Exercise details: Show every line of the data that includes the word "meters".

Dataset extract:
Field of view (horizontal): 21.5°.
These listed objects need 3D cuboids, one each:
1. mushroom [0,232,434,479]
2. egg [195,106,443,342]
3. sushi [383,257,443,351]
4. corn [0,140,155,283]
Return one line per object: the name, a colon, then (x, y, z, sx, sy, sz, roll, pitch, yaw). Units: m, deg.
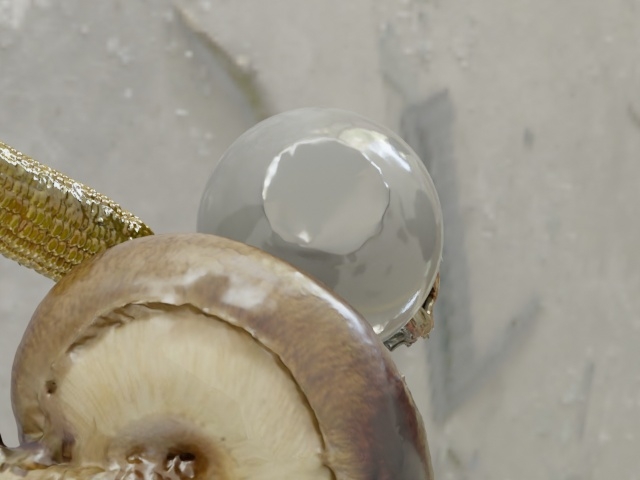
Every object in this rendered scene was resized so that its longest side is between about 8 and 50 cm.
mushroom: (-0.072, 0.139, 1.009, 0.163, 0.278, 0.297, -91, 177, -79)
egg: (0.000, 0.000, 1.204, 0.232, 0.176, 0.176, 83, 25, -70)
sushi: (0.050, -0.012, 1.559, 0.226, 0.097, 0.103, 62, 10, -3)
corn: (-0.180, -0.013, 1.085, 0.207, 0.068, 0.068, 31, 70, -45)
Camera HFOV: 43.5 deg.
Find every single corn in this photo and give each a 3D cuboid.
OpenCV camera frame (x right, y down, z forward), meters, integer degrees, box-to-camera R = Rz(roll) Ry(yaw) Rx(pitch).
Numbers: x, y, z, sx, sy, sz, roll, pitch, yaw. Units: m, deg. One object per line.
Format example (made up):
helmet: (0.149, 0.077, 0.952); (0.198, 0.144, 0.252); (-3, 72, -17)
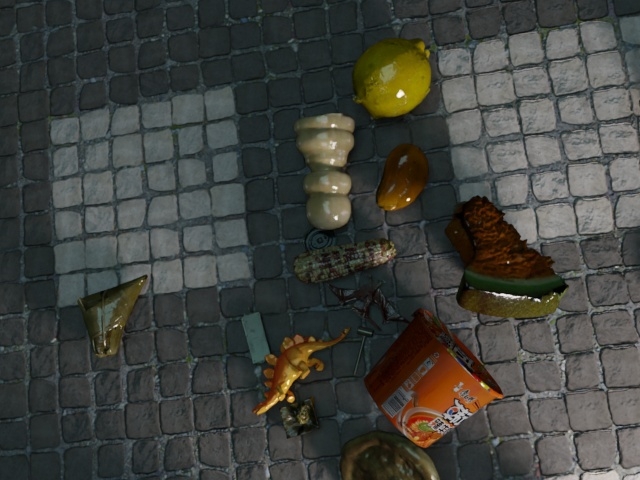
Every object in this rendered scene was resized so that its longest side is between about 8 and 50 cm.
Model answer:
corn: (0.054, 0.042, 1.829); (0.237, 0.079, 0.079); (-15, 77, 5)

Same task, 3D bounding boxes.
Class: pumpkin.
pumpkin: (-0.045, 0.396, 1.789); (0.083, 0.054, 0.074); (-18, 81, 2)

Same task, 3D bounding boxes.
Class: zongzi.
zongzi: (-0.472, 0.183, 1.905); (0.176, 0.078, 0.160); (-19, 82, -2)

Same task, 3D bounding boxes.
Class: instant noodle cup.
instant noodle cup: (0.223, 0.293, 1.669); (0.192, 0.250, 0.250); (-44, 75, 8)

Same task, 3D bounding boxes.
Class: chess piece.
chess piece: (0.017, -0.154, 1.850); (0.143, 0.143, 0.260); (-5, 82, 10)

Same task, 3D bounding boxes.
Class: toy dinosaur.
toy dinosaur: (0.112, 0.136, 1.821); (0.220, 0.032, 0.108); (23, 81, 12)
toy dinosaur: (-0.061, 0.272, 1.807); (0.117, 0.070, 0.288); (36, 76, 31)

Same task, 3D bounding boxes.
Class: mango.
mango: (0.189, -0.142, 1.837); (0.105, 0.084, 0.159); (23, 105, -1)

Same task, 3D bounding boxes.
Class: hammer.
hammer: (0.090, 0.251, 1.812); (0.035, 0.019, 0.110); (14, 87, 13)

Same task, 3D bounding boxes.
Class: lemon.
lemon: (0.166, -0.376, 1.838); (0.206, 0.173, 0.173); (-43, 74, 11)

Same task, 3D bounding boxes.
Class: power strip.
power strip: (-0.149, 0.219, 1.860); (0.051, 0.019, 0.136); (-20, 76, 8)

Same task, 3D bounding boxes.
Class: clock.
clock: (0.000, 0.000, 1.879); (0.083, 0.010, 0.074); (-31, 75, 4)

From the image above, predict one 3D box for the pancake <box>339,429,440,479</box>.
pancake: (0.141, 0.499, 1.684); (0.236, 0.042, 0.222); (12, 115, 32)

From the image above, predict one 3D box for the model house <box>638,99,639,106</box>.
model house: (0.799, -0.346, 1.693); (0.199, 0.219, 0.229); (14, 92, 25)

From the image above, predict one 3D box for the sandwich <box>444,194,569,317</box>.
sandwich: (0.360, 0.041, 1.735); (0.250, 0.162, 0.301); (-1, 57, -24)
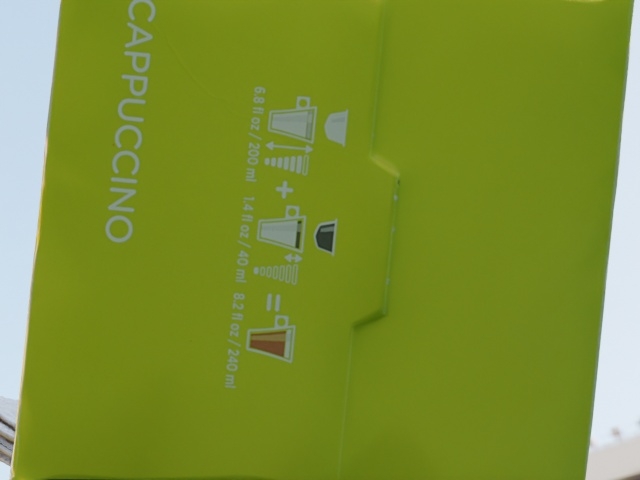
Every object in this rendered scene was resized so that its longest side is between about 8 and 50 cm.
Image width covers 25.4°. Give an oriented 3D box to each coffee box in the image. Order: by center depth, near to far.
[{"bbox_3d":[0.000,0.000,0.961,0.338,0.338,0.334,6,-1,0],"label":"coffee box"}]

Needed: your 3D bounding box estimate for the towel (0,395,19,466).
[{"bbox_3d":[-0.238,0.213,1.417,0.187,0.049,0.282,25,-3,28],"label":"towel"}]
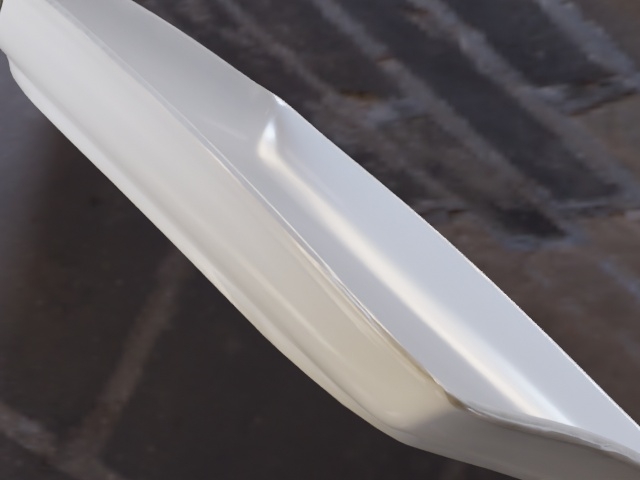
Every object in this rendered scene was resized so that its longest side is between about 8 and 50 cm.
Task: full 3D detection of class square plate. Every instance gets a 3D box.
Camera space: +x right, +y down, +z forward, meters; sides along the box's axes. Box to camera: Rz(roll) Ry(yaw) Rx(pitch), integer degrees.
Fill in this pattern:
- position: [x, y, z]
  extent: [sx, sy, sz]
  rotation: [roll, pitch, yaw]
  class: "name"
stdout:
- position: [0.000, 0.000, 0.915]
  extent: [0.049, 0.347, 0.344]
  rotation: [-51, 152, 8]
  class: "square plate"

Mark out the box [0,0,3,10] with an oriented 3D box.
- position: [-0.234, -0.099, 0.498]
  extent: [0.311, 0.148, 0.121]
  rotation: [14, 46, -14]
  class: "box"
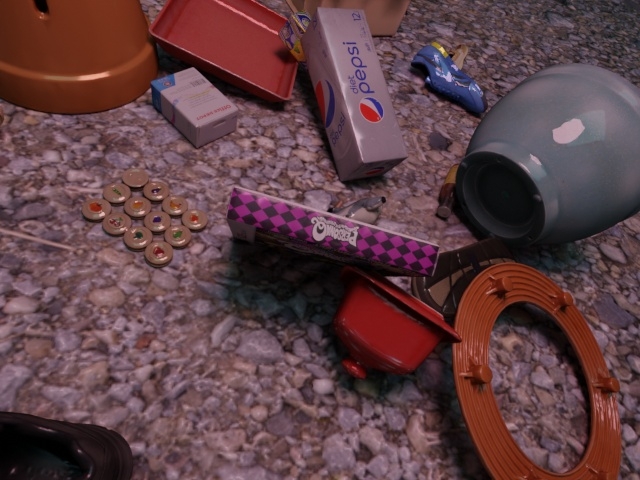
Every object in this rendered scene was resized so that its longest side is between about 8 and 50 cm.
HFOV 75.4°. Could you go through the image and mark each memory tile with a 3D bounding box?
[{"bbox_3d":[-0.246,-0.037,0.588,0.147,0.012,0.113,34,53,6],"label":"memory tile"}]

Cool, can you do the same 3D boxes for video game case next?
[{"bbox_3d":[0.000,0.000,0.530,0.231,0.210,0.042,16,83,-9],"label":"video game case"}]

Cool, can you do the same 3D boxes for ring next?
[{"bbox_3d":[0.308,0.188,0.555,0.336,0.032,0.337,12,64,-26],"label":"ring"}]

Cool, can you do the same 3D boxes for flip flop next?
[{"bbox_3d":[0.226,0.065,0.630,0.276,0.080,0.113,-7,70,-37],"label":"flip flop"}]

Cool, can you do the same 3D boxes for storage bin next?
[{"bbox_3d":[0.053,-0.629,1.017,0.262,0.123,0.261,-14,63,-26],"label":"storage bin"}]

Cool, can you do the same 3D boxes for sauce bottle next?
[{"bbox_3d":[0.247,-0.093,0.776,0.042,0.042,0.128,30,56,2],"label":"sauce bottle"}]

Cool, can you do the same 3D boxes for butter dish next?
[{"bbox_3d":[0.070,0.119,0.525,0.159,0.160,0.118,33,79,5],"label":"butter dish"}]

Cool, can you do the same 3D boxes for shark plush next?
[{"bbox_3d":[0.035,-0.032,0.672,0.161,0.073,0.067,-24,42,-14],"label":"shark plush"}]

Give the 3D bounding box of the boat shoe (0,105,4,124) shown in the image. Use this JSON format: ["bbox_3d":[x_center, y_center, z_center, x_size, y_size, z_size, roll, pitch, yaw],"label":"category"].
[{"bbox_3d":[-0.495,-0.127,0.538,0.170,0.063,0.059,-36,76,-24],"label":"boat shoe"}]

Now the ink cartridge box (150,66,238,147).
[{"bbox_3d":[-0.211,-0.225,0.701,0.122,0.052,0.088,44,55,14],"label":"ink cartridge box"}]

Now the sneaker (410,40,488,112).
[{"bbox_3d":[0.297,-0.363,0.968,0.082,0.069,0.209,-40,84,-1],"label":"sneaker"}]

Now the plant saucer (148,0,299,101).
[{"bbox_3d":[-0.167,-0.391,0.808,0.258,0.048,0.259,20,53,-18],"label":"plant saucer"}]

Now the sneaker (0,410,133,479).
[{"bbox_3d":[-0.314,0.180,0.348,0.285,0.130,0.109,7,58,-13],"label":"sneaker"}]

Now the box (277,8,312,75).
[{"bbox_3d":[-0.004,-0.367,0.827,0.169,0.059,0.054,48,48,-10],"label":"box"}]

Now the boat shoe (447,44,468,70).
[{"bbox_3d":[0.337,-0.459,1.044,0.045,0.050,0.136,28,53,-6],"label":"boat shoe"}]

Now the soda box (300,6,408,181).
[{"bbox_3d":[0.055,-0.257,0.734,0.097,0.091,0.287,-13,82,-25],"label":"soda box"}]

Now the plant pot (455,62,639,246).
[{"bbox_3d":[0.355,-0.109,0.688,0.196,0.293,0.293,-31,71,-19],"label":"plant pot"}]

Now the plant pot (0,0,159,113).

Problem solution:
OpenCV camera frame (x right, y down, z forward), meters, integer degrees, box-to-camera R = Rz(roll) Ry(yaw) Rx(pitch).
Camera space: +x right, +y down, +z forward, meters; sides along the box's axes. Box to camera: Rz(roll) Ry(yaw) Rx(pitch), integer degrees.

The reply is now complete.